TASK MATERIAL:
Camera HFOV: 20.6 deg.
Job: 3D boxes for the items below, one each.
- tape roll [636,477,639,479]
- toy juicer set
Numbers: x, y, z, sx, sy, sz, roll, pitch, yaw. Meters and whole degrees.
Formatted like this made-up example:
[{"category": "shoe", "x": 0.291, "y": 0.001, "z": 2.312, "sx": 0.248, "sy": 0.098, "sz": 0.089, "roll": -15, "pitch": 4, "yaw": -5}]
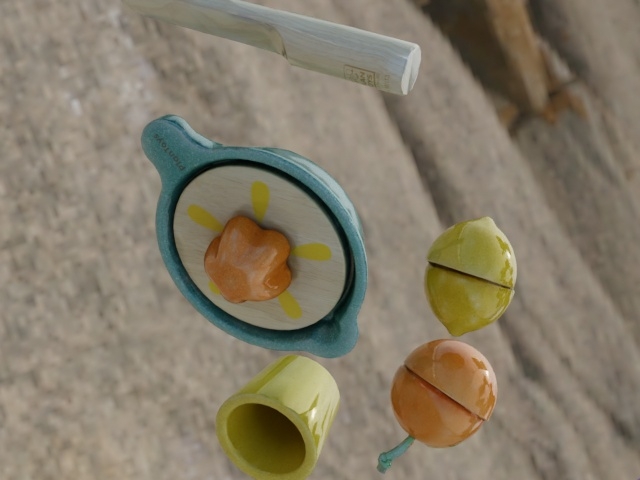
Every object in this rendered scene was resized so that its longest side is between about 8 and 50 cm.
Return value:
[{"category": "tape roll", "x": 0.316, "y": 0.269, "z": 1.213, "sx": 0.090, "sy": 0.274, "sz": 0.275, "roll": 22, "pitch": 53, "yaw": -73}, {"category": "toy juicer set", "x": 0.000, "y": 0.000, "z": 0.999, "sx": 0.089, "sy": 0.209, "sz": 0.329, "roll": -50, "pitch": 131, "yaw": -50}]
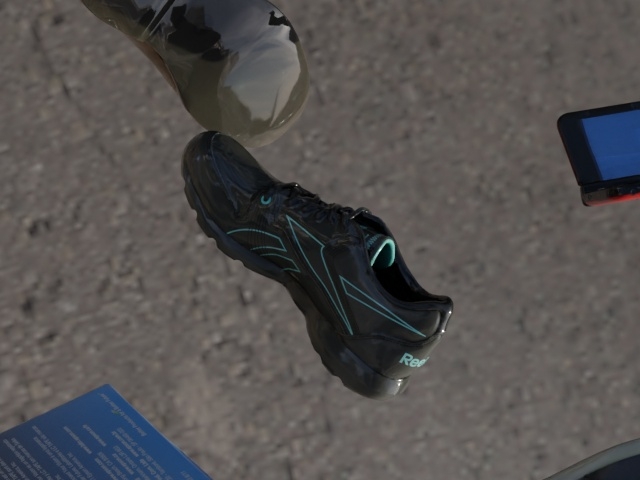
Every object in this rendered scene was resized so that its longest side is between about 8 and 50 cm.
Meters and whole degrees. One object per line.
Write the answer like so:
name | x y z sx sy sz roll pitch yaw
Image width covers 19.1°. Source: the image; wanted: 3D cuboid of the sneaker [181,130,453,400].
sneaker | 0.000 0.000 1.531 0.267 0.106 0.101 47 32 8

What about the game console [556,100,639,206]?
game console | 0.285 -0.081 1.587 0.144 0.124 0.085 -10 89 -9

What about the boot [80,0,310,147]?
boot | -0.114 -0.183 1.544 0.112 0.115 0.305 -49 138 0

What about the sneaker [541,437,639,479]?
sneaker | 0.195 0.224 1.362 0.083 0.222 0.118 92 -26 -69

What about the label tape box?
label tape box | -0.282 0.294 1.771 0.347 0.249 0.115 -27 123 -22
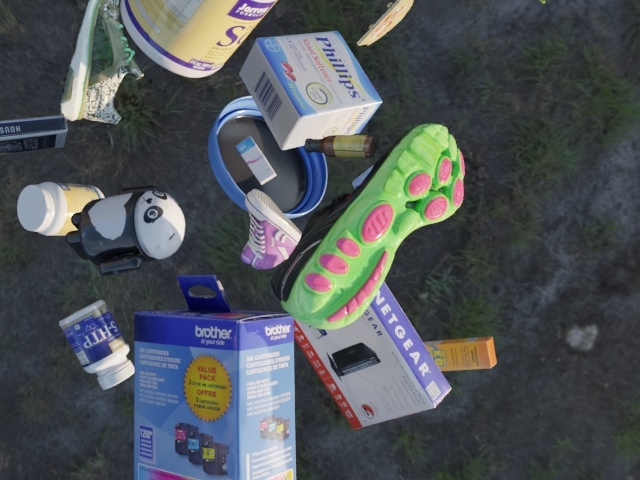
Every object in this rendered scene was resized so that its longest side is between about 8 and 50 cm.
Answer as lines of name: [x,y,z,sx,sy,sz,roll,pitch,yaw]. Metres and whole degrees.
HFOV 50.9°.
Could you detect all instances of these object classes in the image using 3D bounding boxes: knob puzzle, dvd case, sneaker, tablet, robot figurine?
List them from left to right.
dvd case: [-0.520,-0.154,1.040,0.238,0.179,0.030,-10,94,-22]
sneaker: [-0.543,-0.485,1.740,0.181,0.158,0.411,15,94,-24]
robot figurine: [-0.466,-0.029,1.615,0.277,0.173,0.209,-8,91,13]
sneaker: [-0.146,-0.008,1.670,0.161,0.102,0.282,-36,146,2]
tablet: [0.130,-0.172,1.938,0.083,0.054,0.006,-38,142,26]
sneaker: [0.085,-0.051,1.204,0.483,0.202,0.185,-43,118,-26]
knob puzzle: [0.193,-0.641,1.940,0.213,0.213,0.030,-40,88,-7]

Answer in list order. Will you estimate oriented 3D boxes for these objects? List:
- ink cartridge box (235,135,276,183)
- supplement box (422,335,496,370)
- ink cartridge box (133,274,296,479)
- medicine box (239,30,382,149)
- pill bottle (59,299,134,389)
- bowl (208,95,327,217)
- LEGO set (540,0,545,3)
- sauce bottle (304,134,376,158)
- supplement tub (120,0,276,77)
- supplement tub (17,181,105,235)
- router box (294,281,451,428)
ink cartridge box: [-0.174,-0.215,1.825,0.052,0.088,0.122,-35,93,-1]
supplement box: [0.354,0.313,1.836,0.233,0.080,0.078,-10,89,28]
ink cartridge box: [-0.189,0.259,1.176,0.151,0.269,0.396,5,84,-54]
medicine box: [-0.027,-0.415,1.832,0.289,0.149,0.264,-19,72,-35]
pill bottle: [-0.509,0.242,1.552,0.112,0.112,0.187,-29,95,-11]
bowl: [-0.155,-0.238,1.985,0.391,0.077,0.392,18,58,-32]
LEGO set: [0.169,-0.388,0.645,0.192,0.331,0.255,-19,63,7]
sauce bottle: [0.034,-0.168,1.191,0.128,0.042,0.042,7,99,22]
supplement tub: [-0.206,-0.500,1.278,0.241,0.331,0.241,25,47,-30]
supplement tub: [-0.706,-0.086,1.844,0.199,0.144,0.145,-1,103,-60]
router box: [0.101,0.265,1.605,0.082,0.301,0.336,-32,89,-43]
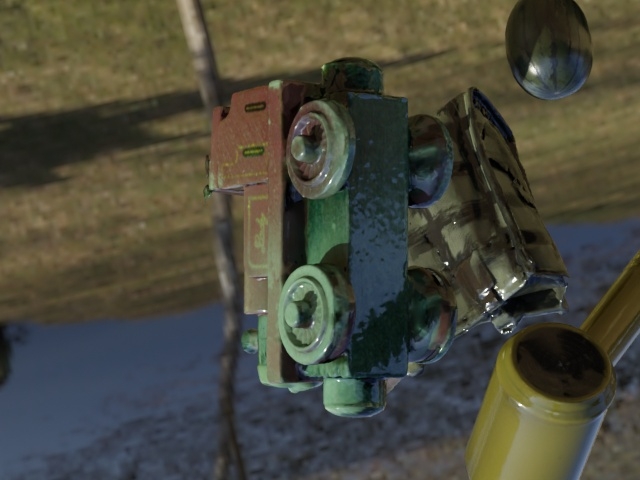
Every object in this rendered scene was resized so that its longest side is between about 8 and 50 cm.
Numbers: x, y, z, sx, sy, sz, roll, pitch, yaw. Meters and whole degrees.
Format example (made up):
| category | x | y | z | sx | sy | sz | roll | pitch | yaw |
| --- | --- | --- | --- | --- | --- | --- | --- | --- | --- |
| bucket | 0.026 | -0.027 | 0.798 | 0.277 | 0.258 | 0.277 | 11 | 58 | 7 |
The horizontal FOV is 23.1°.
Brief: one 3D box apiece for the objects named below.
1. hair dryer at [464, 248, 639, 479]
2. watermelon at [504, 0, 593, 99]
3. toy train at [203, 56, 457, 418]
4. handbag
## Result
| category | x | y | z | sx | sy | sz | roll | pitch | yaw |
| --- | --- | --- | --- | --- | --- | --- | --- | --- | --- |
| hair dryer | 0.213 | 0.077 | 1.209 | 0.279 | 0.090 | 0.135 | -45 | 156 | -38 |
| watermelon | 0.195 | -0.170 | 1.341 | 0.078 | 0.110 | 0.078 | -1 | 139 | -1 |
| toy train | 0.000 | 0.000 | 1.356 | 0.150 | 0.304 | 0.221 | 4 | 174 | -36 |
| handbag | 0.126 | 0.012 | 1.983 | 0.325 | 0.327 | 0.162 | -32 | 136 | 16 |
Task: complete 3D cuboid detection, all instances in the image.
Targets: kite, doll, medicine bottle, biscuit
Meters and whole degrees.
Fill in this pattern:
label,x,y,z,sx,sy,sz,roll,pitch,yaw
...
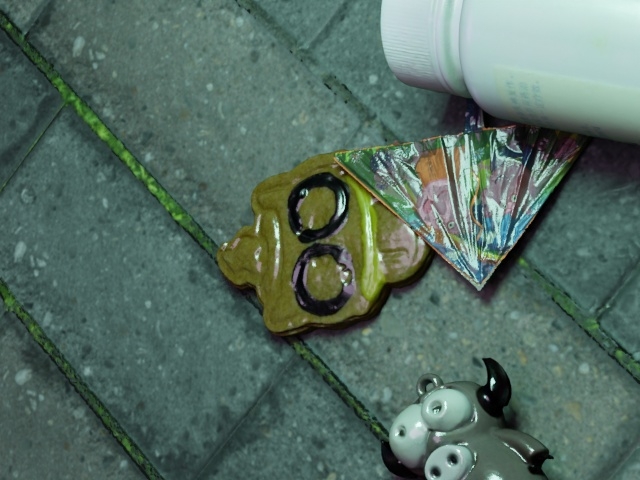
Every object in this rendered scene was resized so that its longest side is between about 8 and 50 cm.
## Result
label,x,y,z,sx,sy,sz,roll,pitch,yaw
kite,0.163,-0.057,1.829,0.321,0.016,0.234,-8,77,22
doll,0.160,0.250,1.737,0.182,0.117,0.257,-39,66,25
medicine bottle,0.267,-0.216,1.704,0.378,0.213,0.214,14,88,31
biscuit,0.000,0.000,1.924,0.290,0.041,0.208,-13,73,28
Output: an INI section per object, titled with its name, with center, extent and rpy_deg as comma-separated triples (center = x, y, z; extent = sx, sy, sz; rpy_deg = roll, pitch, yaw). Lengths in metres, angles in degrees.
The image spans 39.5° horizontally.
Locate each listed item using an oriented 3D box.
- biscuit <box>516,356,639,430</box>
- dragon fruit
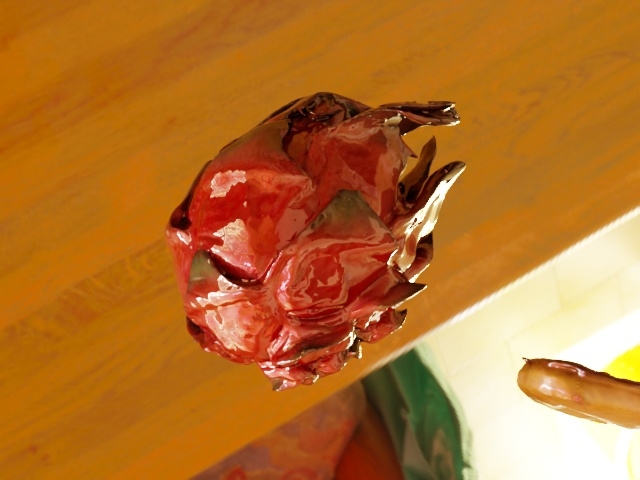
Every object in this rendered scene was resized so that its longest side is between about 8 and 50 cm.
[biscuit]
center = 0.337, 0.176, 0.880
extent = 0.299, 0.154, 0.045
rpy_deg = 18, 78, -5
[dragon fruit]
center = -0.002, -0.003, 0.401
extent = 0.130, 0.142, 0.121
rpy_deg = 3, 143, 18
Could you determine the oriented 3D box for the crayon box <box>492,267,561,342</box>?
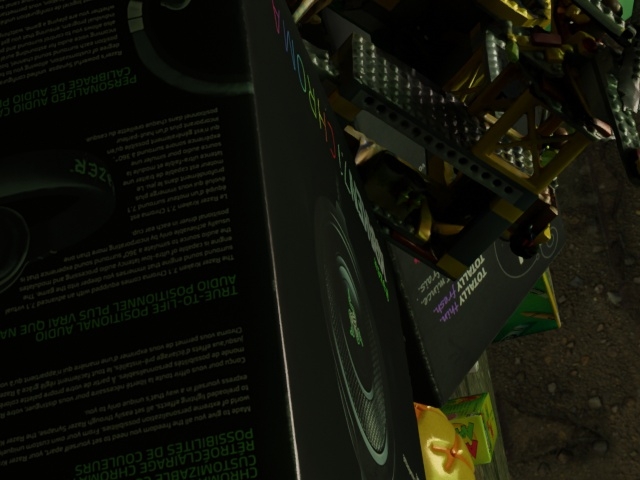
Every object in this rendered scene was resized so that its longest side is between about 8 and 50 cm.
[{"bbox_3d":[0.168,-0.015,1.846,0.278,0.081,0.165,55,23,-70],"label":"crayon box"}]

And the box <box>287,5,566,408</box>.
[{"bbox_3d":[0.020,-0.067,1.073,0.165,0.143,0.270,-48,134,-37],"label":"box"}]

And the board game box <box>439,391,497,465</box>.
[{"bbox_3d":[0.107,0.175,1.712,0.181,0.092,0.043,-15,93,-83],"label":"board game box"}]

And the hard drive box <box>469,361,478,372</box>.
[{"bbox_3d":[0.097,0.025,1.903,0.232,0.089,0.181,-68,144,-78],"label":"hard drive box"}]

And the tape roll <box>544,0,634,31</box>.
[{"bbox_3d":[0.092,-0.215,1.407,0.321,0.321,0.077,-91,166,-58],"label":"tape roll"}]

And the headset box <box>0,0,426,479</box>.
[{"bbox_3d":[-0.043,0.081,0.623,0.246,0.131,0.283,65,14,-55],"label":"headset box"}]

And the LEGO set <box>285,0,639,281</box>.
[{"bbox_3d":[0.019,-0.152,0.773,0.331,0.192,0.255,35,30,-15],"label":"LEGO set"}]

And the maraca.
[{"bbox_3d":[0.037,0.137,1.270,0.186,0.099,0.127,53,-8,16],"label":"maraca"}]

EXERCISE DETAILS:
With the line holding "Could you detect" as the first and the line holding "- supplement tub (17,181,105,235)" as the last, please transcribe exactly the lines of the material above in that range and nothing else.

YOUR RESPONSE:
Could you detect all instances of these object classes in the image using 3D bounding boxes: knob puzzle, dvd case, sneaker, tablet, robot figurine?
List them from left to right.
dvd case: [-0.520,-0.154,1.040,0.238,0.179,0.030,-10,94,-22]
sneaker: [-0.543,-0.485,1.740,0.181,0.158,0.411,15,94,-24]
robot figurine: [-0.466,-0.029,1.615,0.277,0.173,0.209,-8,91,13]
sneaker: [-0.146,-0.008,1.670,0.161,0.102,0.282,-36,146,2]
tablet: [0.130,-0.172,1.938,0.083,0.054,0.006,-38,142,26]
sneaker: [0.085,-0.051,1.204,0.483,0.202,0.185,-43,118,-26]
knob puzzle: [0.193,-0.641,1.940,0.213,0.213,0.030,-40,88,-7]

Answer in list order. Will you estimate oriented 3D boxes for these objects? List:
- ink cartridge box (235,135,276,183)
- supplement box (422,335,496,370)
- ink cartridge box (133,274,296,479)
- medicine box (239,30,382,149)
- pill bottle (59,299,134,389)
- bowl (208,95,327,217)
- LEGO set (540,0,545,3)
- sauce bottle (304,134,376,158)
- supplement tub (120,0,276,77)
- supplement tub (17,181,105,235)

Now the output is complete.